Lyrically, the songs are deeply personal, with Wise forlornly whispering temperamental melodies that circle broadly over the interplay of the quartet’s shoegaze-meets-doo-wop musical output. The Shacks have a remarkable pedigree for their young age and look to be capable of great things – keep an eye on them in 2018 as they release their first full-length LP.

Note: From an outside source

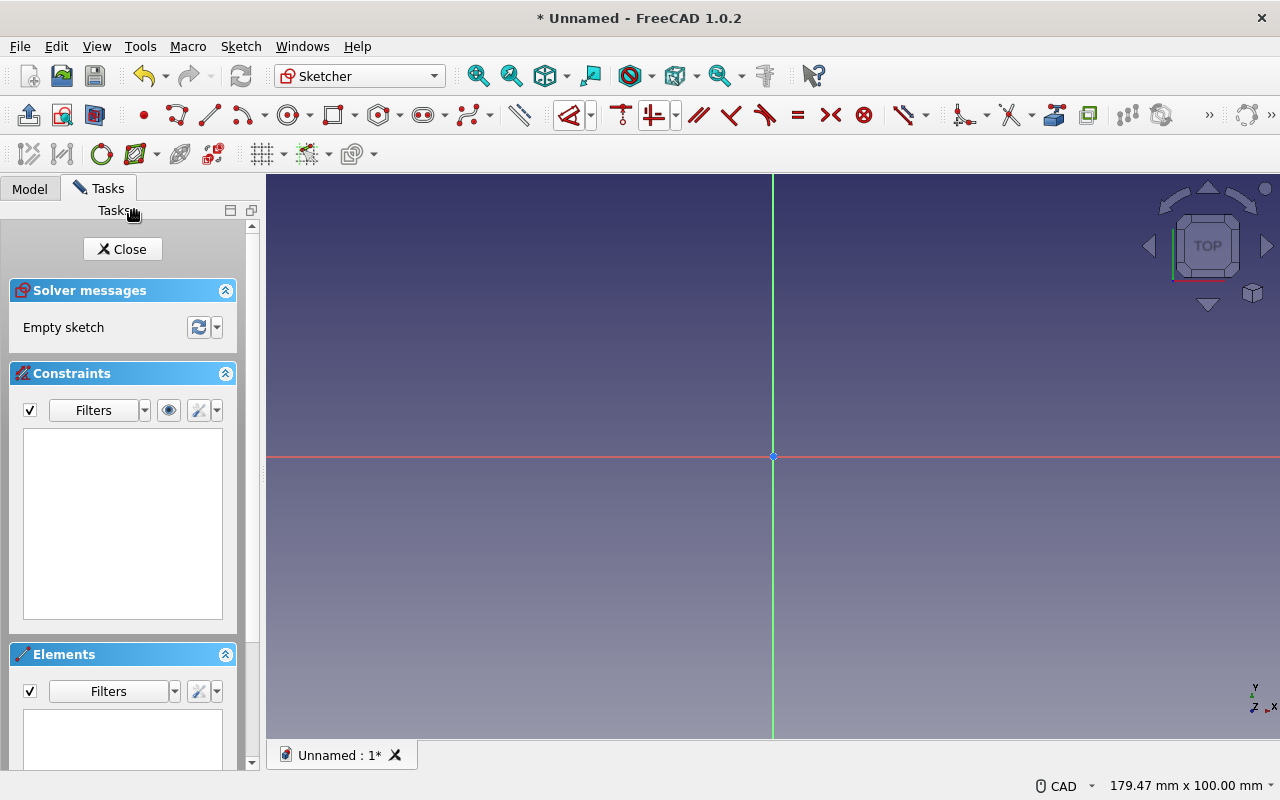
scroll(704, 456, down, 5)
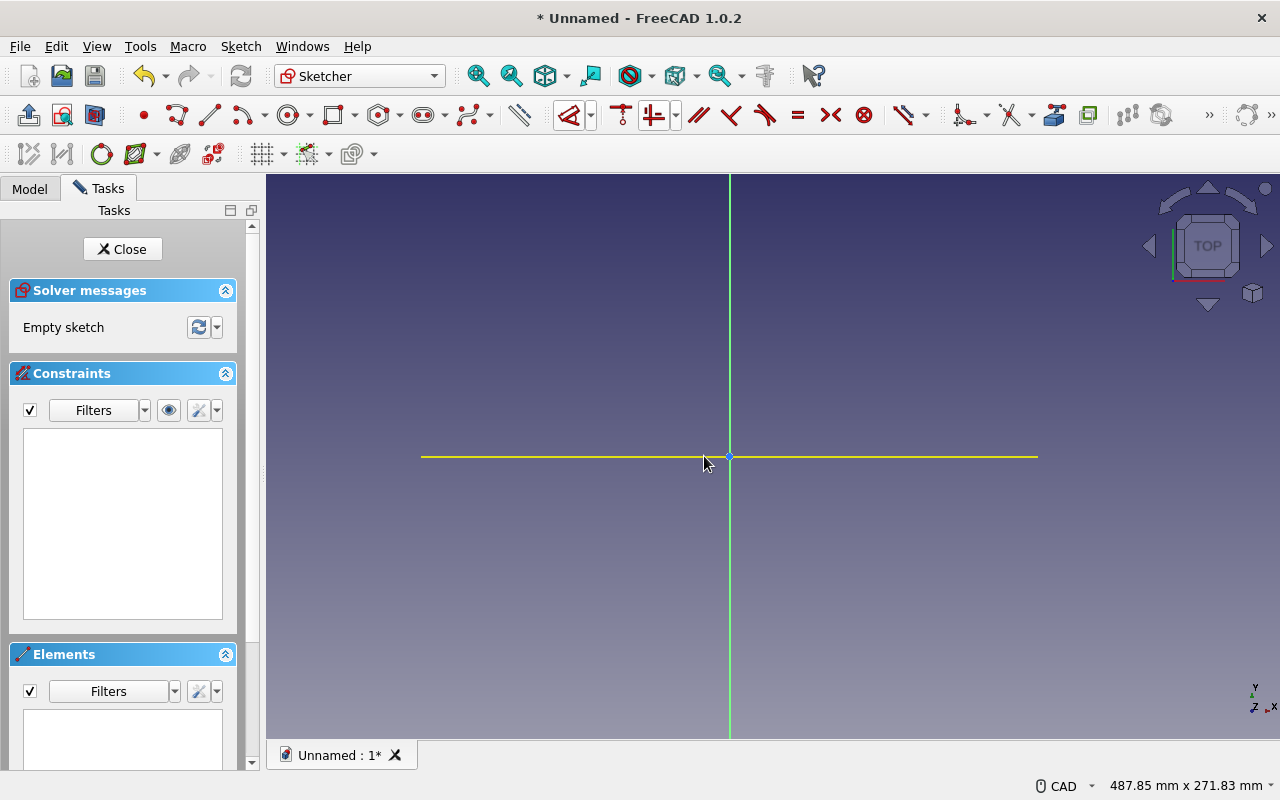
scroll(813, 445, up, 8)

Anticipation builds as Khruangbin takes the stage. The groove-heavy interplay of the Texas-based trio is built on a solid pocket constructed by effervescent bassist Laura Lee and Donald Johnson, whose subtle approach behind the kit contrasts nicely with Mark Speer’s well-crafted and technically proficient guitar melodies. Musically speaking, Speer is the peanuts in the Snickers bar that is Khruangbin, adding some appreciative crunch to the surf-inspired modal jazz that is the band’s forte.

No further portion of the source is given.